-------- SUPPLIED RECORDS --------
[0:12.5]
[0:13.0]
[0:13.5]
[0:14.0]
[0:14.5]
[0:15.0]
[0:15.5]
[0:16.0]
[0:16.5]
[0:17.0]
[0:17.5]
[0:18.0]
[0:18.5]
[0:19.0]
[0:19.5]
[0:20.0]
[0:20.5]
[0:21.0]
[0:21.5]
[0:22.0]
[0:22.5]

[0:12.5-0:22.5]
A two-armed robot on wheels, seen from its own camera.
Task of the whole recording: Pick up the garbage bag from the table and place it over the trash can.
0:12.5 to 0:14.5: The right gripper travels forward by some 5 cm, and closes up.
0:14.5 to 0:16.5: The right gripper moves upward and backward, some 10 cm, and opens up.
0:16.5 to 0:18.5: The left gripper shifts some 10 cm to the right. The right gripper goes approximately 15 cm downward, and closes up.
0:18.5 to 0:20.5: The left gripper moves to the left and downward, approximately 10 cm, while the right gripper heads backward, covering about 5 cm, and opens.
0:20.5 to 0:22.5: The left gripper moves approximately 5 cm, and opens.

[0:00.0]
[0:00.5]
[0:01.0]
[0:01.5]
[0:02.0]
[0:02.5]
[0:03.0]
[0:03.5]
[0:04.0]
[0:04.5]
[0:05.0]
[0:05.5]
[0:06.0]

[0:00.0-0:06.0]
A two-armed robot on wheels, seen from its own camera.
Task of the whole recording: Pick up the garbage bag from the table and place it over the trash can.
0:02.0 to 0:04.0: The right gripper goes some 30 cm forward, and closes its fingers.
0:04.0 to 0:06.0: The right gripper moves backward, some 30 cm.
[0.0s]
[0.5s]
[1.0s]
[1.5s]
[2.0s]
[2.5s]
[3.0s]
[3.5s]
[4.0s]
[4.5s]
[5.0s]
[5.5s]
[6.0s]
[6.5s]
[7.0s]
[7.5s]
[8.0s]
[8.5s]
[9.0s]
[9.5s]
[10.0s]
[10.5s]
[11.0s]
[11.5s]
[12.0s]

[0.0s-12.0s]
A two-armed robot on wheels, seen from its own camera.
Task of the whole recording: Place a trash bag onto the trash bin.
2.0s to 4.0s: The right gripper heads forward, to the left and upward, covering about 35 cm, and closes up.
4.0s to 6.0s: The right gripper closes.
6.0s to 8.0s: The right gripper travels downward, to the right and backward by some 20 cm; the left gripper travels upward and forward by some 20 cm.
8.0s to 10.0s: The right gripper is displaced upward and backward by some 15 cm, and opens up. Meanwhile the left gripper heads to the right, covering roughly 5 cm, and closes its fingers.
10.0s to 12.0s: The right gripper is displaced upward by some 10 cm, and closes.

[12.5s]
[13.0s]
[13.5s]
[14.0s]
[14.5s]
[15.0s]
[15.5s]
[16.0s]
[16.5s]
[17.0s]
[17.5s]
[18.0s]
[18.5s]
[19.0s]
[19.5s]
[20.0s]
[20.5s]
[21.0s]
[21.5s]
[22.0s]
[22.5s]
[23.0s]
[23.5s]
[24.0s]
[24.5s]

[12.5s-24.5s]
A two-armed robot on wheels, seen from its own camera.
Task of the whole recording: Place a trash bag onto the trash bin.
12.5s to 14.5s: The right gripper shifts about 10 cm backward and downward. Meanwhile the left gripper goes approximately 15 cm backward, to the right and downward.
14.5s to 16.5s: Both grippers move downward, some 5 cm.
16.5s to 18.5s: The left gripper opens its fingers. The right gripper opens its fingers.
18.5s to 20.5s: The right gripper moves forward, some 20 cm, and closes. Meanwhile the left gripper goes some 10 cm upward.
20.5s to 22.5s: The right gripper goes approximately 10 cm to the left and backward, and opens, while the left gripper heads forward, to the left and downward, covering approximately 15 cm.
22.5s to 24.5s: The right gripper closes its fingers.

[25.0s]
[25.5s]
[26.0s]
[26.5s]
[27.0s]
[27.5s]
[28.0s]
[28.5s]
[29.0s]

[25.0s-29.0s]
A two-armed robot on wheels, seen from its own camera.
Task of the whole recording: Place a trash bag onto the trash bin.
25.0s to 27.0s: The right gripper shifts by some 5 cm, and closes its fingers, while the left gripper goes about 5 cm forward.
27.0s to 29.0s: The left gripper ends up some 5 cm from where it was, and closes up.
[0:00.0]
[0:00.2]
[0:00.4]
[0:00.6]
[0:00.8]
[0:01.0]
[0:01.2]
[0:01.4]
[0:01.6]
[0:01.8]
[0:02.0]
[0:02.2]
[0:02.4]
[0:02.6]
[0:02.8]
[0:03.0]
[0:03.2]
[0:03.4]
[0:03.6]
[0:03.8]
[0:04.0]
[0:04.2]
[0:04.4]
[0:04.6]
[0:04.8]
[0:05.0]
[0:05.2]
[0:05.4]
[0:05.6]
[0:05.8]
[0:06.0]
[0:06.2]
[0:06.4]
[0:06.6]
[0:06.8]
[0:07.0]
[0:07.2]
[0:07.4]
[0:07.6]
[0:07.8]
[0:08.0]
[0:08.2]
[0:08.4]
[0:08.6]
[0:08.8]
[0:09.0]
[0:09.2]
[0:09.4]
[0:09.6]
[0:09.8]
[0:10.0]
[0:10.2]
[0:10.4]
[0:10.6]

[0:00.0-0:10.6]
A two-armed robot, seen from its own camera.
--------
• [TASK OBJECTIVE]:
Transcribe all of the material above with complete accuracy.

• [SOLUTION FOR THIS TASK]:
[0:12.5]
[0:13.0]
[0:13.5]
[0:14.0]
[0:14.5]
[0:15.0]
[0:15.5]
[0:16.0]
[0:16.5]
[0:17.0]
[0:17.5]
[0:18.0]
[0:18.5]
[0:19.0]
[0:19.5]
[0:20.0]
[0:20.5]
[0:21.0]
[0:21.5]
[0:22.0]
[0:22.5]

[0:12.5-0:22.5]
A two-armed robot on wheels, seen from its own camera.
Task of the whole recording: Pick up the garbage bag from the table and place it over the trash can.
0:12.5 to 0:14.5: The right gripper travels forward by some 5 cm, and closes up.
0:14.5 to 0:16.5: The right gripper moves upward and backward, some 10 cm, and opens up.
0:16.5 to 0:18.5: The left gripper shifts some 10 cm to the right. The right gripper goes approximately 15 cm downward, and closes up.
0:18.5 to 0:20.5: The left gripper moves to the left and downward, approximately 10 cm, while the right gripper heads backward, covering about 5 cm, and opens.
0:20.5 to 0:22.5: The left gripper moves approximately 5 cm, and opens.

[0:00.0]
[0:00.5]
[0:01.0]
[0:01.5]
[0:02.0]
[0:02.5]
[0:03.0]
[0:03.5]
[0:04.0]
[0:04.5]
[0:05.0]
[0:05.5]
[0:06.0]

[0:00.0-0:06.0]
A two-armed robot on wheels, seen from its own camera.
Task of the whole recording: Pick up the garbage bag from the table and place it over the trash can.
0:02.0 to 0:04.0: The right gripper goes some 30 cm forward, and closes its fingers.
0:04.0 to 0:06.0: The right gripper moves backward, some 30 cm.
[0.0s]
[0.5s]
[1.0s]
[1.5s]
[2.0s]
[2.5s]
[3.0s]
[3.5s]
[4.0s]
[4.5s]
[5.0s]
[5.5s]
[6.0s]
[6.5s]
[7.0s]
[7.5s]
[8.0s]
[8.5s]
[9.0s]
[9.5s]
[10.0s]
[10.5s]
[11.0s]
[11.5s]
[12.0s]

[0.0s-12.0s]
A two-armed robot on wheels, seen from its own camera.
Task of the whole recording: Place a trash bag onto the trash bin.
2.0s to 4.0s: The right gripper heads forward, to the left and upward, covering about 35 cm, and closes up.
4.0s to 6.0s: The right gripper closes.
6.0s to 8.0s: The right gripper travels downward, to the right and backward by some 20 cm; the left gripper travels upward and forward by some 20 cm.
8.0s to 10.0s: The right gripper is displaced upward and backward by some 15 cm, and opens up. Meanwhile the left gripper heads to the right, covering roughly 5 cm, and closes its fingers.
10.0s to 12.0s: The right gripper is displaced upward by some 10 cm, and closes.

[12.5s]
[13.0s]
[13.5s]
[14.0s]
[14.5s]
[15.0s]
[15.5s]
[16.0s]
[16.5s]
[17.0s]
[17.5s]
[18.0s]
[18.5s]
[19.0s]
[19.5s]
[20.0s]
[20.5s]
[21.0s]
[21.5s]
[22.0s]
[22.5s]
[23.0s]
[23.5s]
[24.0s]
[24.5s]

[12.5s-24.5s]
A two-armed robot on wheels, seen from its own camera.
Task of the whole recording: Place a trash bag onto the trash bin.
12.5s to 14.5s: The right gripper shifts about 10 cm backward and downward. Meanwhile the left gripper goes approximately 15 cm backward, to the right and downward.
14.5s to 16.5s: Both grippers move downward, some 5 cm.
16.5s to 18.5s: The left gripper opens its fingers. The right gripper opens its fingers.
18.5s to 20.5s: The right gripper moves forward, some 20 cm, and closes. Meanwhile the left gripper goes some 10 cm upward.
20.5s to 22.5s: The right gripper goes approximately 10 cm to the left and backward, and opens, while the left gripper heads forward, to the left and downward, covering approximately 15 cm.
22.5s to 24.5s: The right gripper closes its fingers.

[25.0s]
[25.5s]
[26.0s]
[26.5s]
[27.0s]
[27.5s]
[28.0s]
[28.5s]
[29.0s]

[25.0s-29.0s]
A two-armed robot on wheels, seen from its own camera.
Task of the whole recording: Place a trash bag onto the trash bin.
25.0s to 27.0s: The right gripper shifts by some 5 cm, and closes its fingers, while the left gripper goes about 5 cm forward.
27.0s to 29.0s: The left gripper ends up some 5 cm from where it was, and closes up.
[0:00.0]
[0:00.2]
[0:00.4]
[0:00.6]
[0:00.8]
[0:01.0]
[0:01.2]
[0:01.4]
[0:01.6]
[0:01.8]
[0:02.0]
[0:02.2]
[0:02.4]
[0:02.6]
[0:02.8]
[0:03.0]
[0:03.2]
[0:03.4]
[0:03.6]
[0:03.8]
[0:04.0]
[0:04.2]
[0:04.4]
[0:04.6]
[0:04.8]
[0:05.0]
[0:05.2]
[0:05.4]
[0:05.6]
[0:05.8]
[0:06.0]
[0:06.2]
[0:06.4]
[0:06.6]
[0:06.8]
[0:07.0]
[0:07.2]
[0:07.4]
[0:07.6]
[0:07.8]
[0:08.0]
[0:08.2]
[0:08.4]
[0:08.6]
[0:08.8]
[0:09.0]
[0:09.2]
[0:09.4]
[0:09.6]
[0:09.8]
[0:10.0]
[0:10.2]
[0:10.4]
[0:10.6]

[0:00.0-0:10.6]
A two-armed robot, seen from its own camera.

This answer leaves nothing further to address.